On Wednesday, the FCC's Office of Engineering and Technology released a report (PDF) detailing its latest tests of so-called "white space" prototypes, and it's confident such devices can operate in the wild without hampering TV broadcasts.

"At this juncture, we believe that the burden of 'proof of concept' has been met," the report reads.

According to The Wall Street Journal and the AP, FCC chair Kevin Martin has tossed a white space proposal with his fellow commissioners, and the issue is set for a vote at the FCC's November 4 meeting (DOC). "No one should ever underestimate the potential that new technologies and innovations may bring to society," Martin said in a statement.

A cavalcade of tech companies - including Microsoft, Google, Dell, HP, Intel, and Philips - are lobbying the FCC to use America's television white spaces for something so often called "WiFi on steroids." If the FCC gives its approval, white spaces - portions of the TV band that don't house active channels - will become unlicensed spectrum. That means anyone could grab some off-the-shelf hardware and use these airwaves to get online.

The white space spectrum affords better propagation than WiFi, and the system proposed by Microsoft's White Spaces Coalition would leverage mesh networking principles to cover much wider areas. Internet access from one network gateway could be bounced from home to home.

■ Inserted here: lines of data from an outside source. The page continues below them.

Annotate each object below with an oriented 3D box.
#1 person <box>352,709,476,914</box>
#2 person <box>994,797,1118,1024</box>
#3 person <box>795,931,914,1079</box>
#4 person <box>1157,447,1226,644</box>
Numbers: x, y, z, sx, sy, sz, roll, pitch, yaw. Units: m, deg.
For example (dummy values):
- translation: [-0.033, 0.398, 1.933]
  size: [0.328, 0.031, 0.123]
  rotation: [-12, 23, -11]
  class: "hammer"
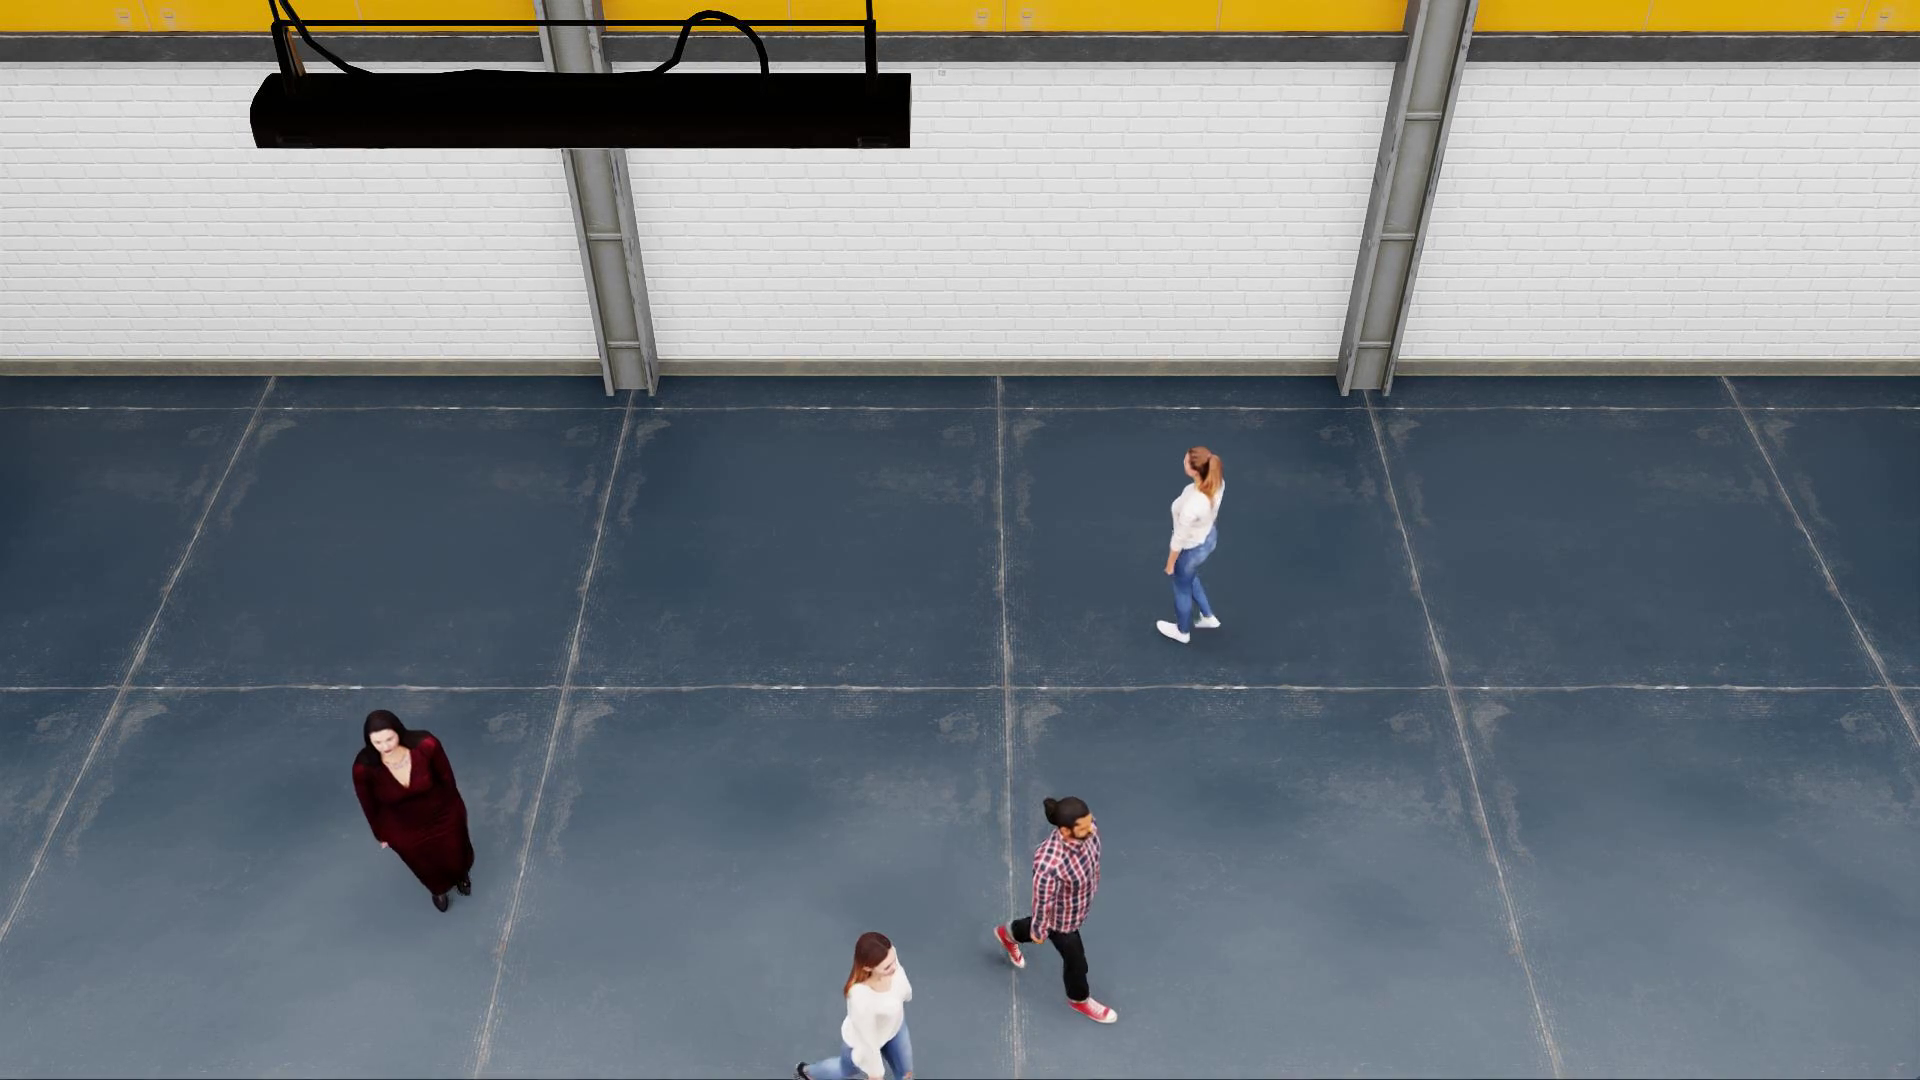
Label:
- translation: [-3.108, 1.501, 9.494]
  size: [0.776, 1.747, 0.865]
  rotation: [-17, 46, -17]
  class: "person"
- translation: [0.510, 1.941, 9.029]
  size: [1.194, 1.751, 1.017]
  rotation: [20, 47, 19]
  class: "person"
- translation: [-0.525, 2.493, 8.515]
  size: [1.172, 1.661, 0.926]
  rotation: [18, 46, 18]
  class: "person"
- translation: [1.612, 0.081, 11.009]
  size: [0.849, 1.714, 0.793]
  rotation: [27, 50, 26]
  class: "person"
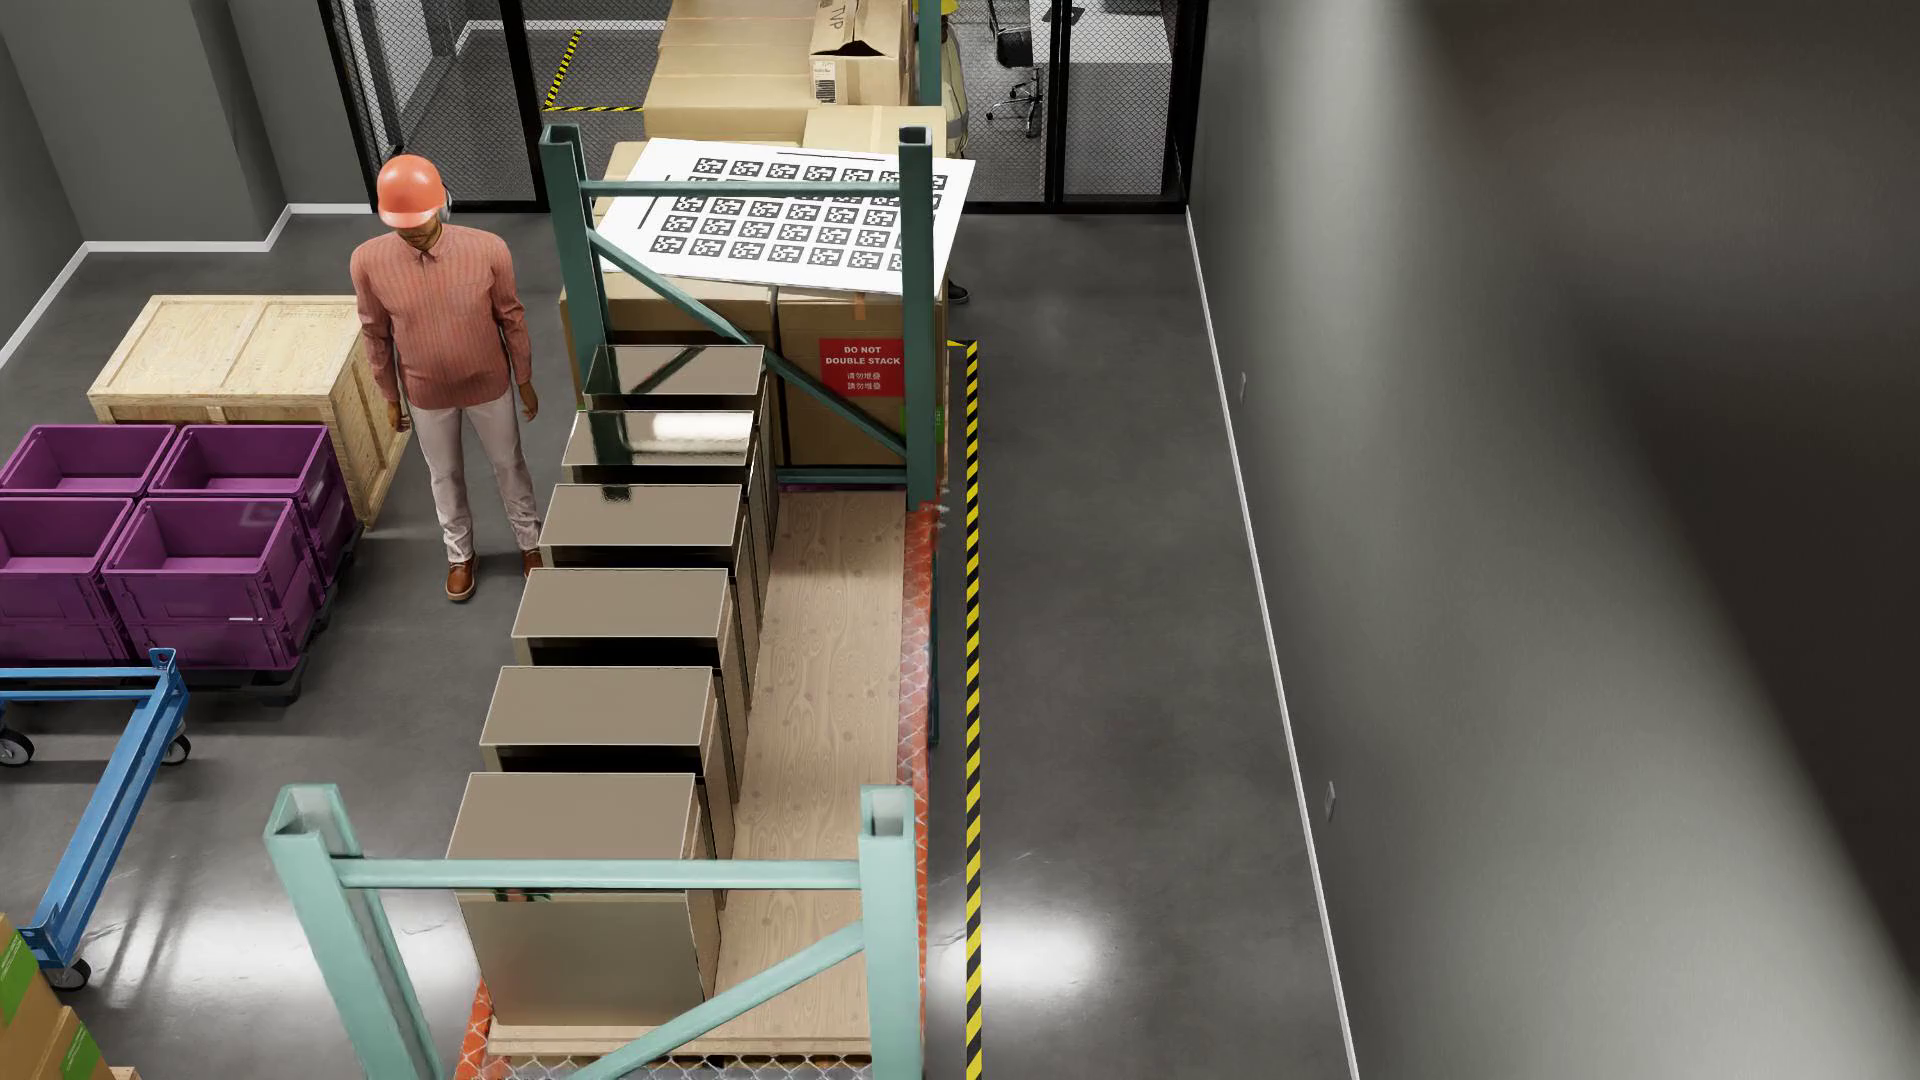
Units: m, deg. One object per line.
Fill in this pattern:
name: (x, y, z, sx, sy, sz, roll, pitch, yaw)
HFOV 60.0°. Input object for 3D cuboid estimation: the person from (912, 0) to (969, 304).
person: (-0.160, -1.905, 8.143, 0.404, 1.833, 0.590, 20, 45, 21)

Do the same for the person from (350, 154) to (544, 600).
person: (-1.979, -0.614, 6.548, 0.617, 1.992, 0.384, -9, 42, -11)
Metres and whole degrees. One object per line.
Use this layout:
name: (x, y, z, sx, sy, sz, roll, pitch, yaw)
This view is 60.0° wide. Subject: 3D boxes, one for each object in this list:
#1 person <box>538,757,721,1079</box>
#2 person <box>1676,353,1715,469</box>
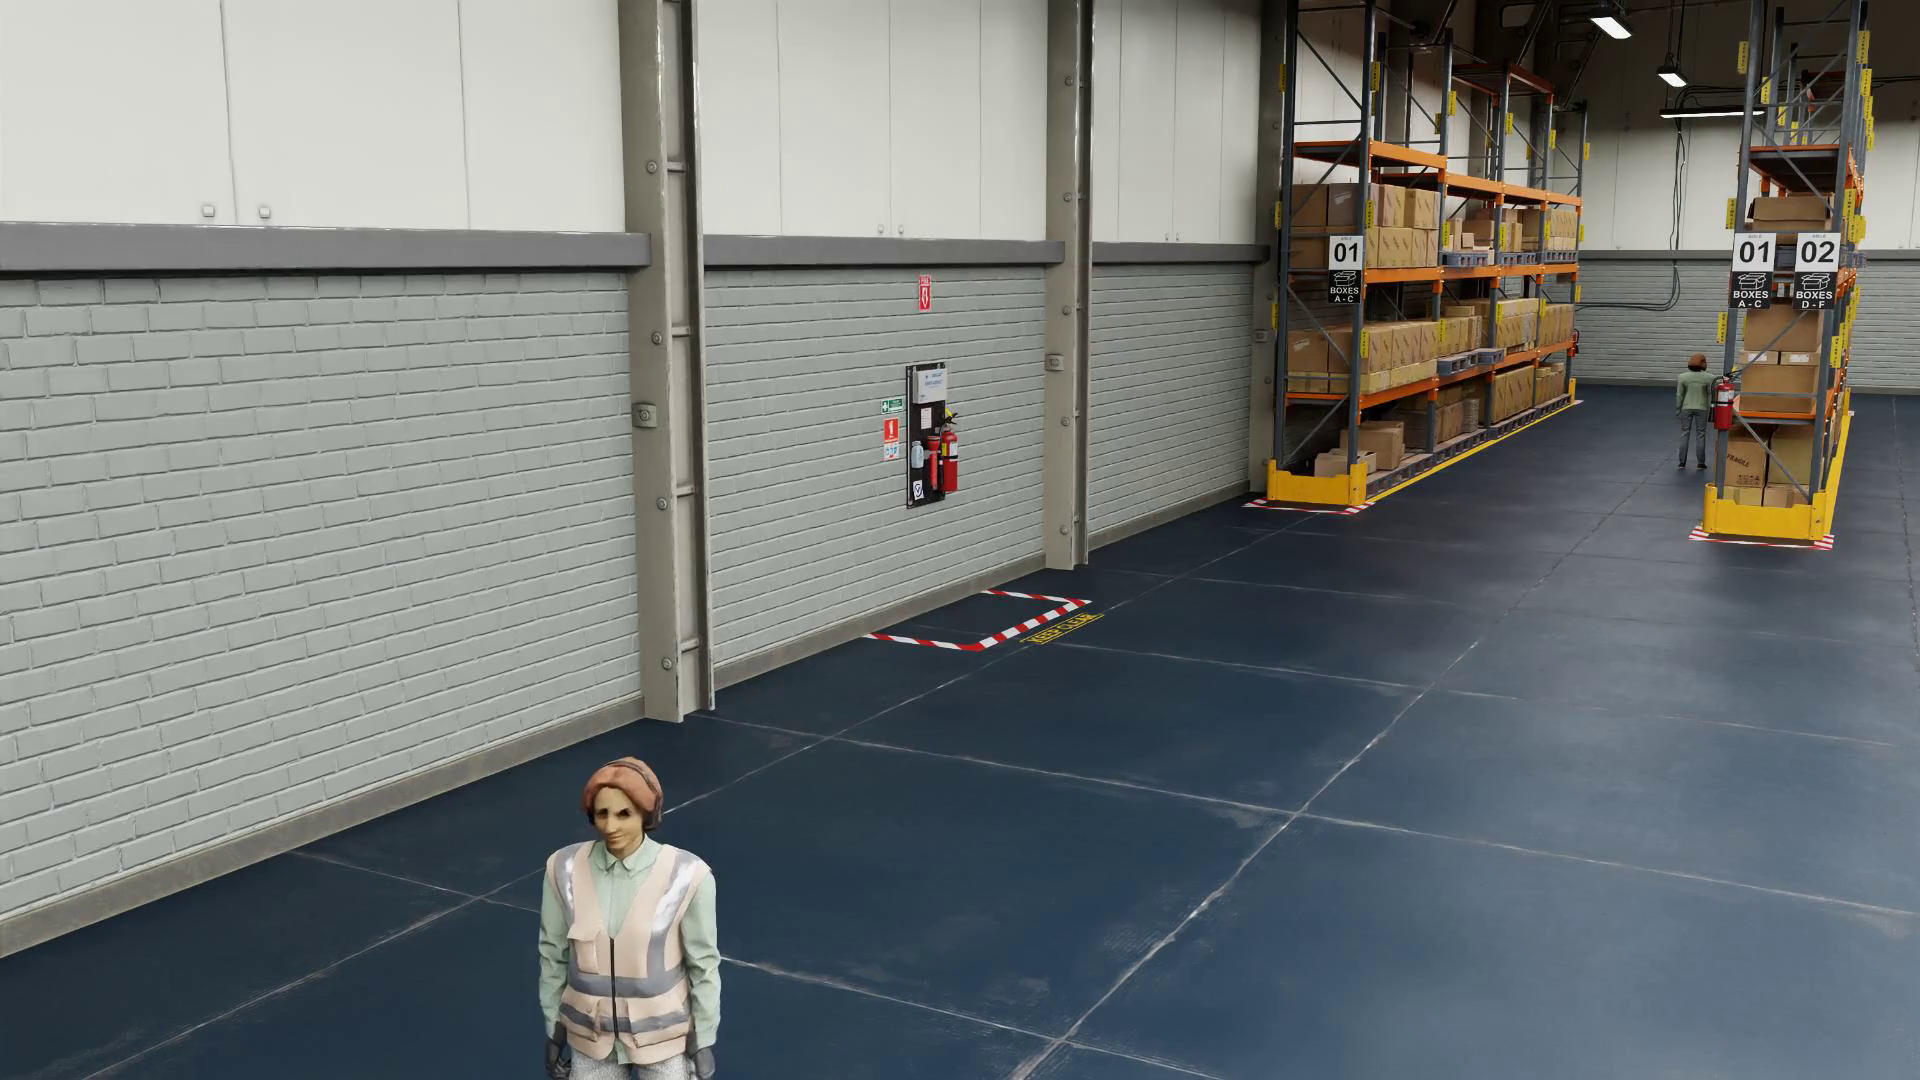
person: (-0.916, 1.399, 4.631, 0.519, 1.637, 0.307, 1, 10, 8)
person: (10.362, -1.815, 23.453, 0.497, 1.633, 0.279, 6, 11, 31)
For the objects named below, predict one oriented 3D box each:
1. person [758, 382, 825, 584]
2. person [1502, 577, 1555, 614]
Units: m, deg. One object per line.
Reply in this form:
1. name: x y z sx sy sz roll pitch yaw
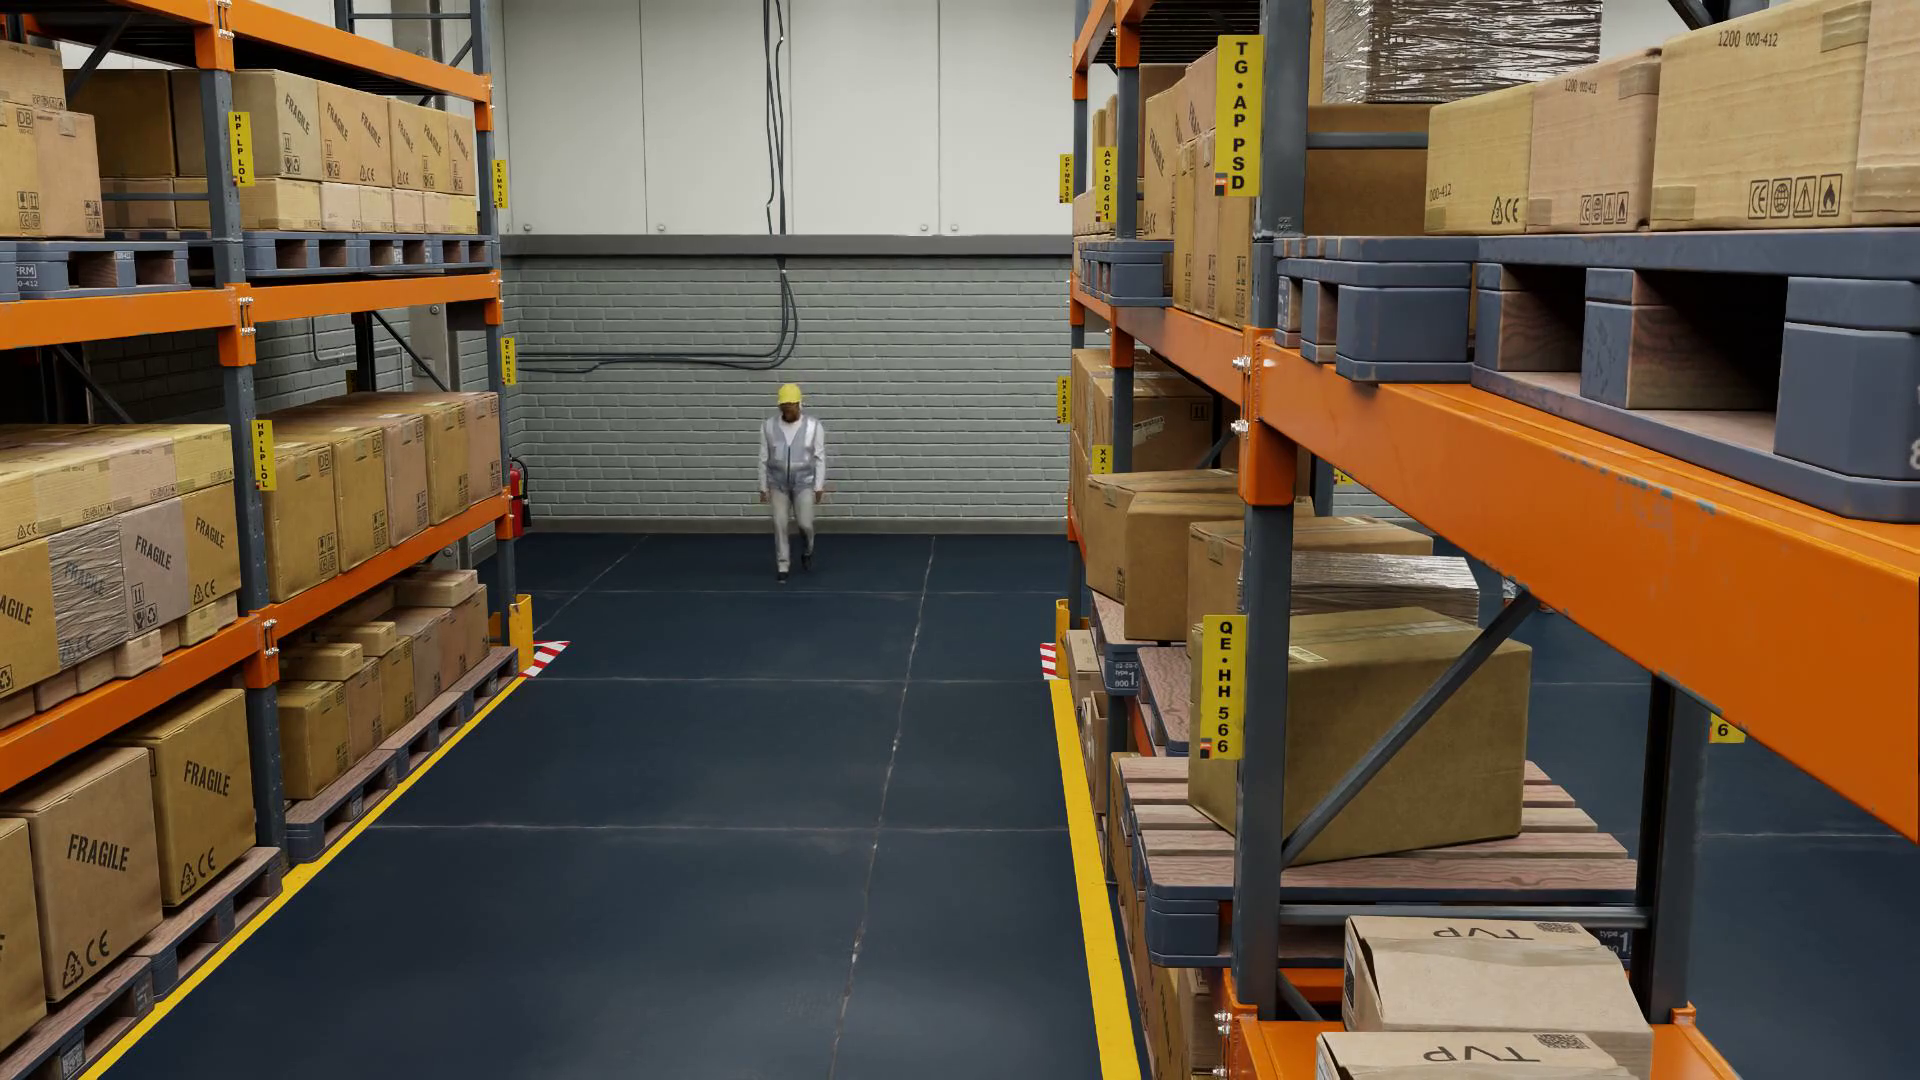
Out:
1. person: -1.516 -0.521 15.001 0.598 1.819 0.502 0 10 1
2. person: 4.731 -0.353 13.696 0.638 1.938 0.357 0 10 1

"These devices could be used for distributing data inside the home, but they could also be used for broadband internet access, especially in rural areas," Ed Thomas, who represents the White Spaces Coalition through the Washington DC law firm Harris, Wiltshire, and Grannis, has told The Reg.

But Local TV stations - and the nationwide networks that supply them with programming that supply them with programming - have vehemently opposed the plan, saying it will prevent grandma from watching football. And these naysayers were given all the ammunition they needed when Microsoft sent the FCC not one but two prototypes that promptly gave up the ghost.

But in June - after Microsoft withdrew its prototypes - the FCC completed labs tests of devices from other outfits, and now, it has wrapped up some field tests too.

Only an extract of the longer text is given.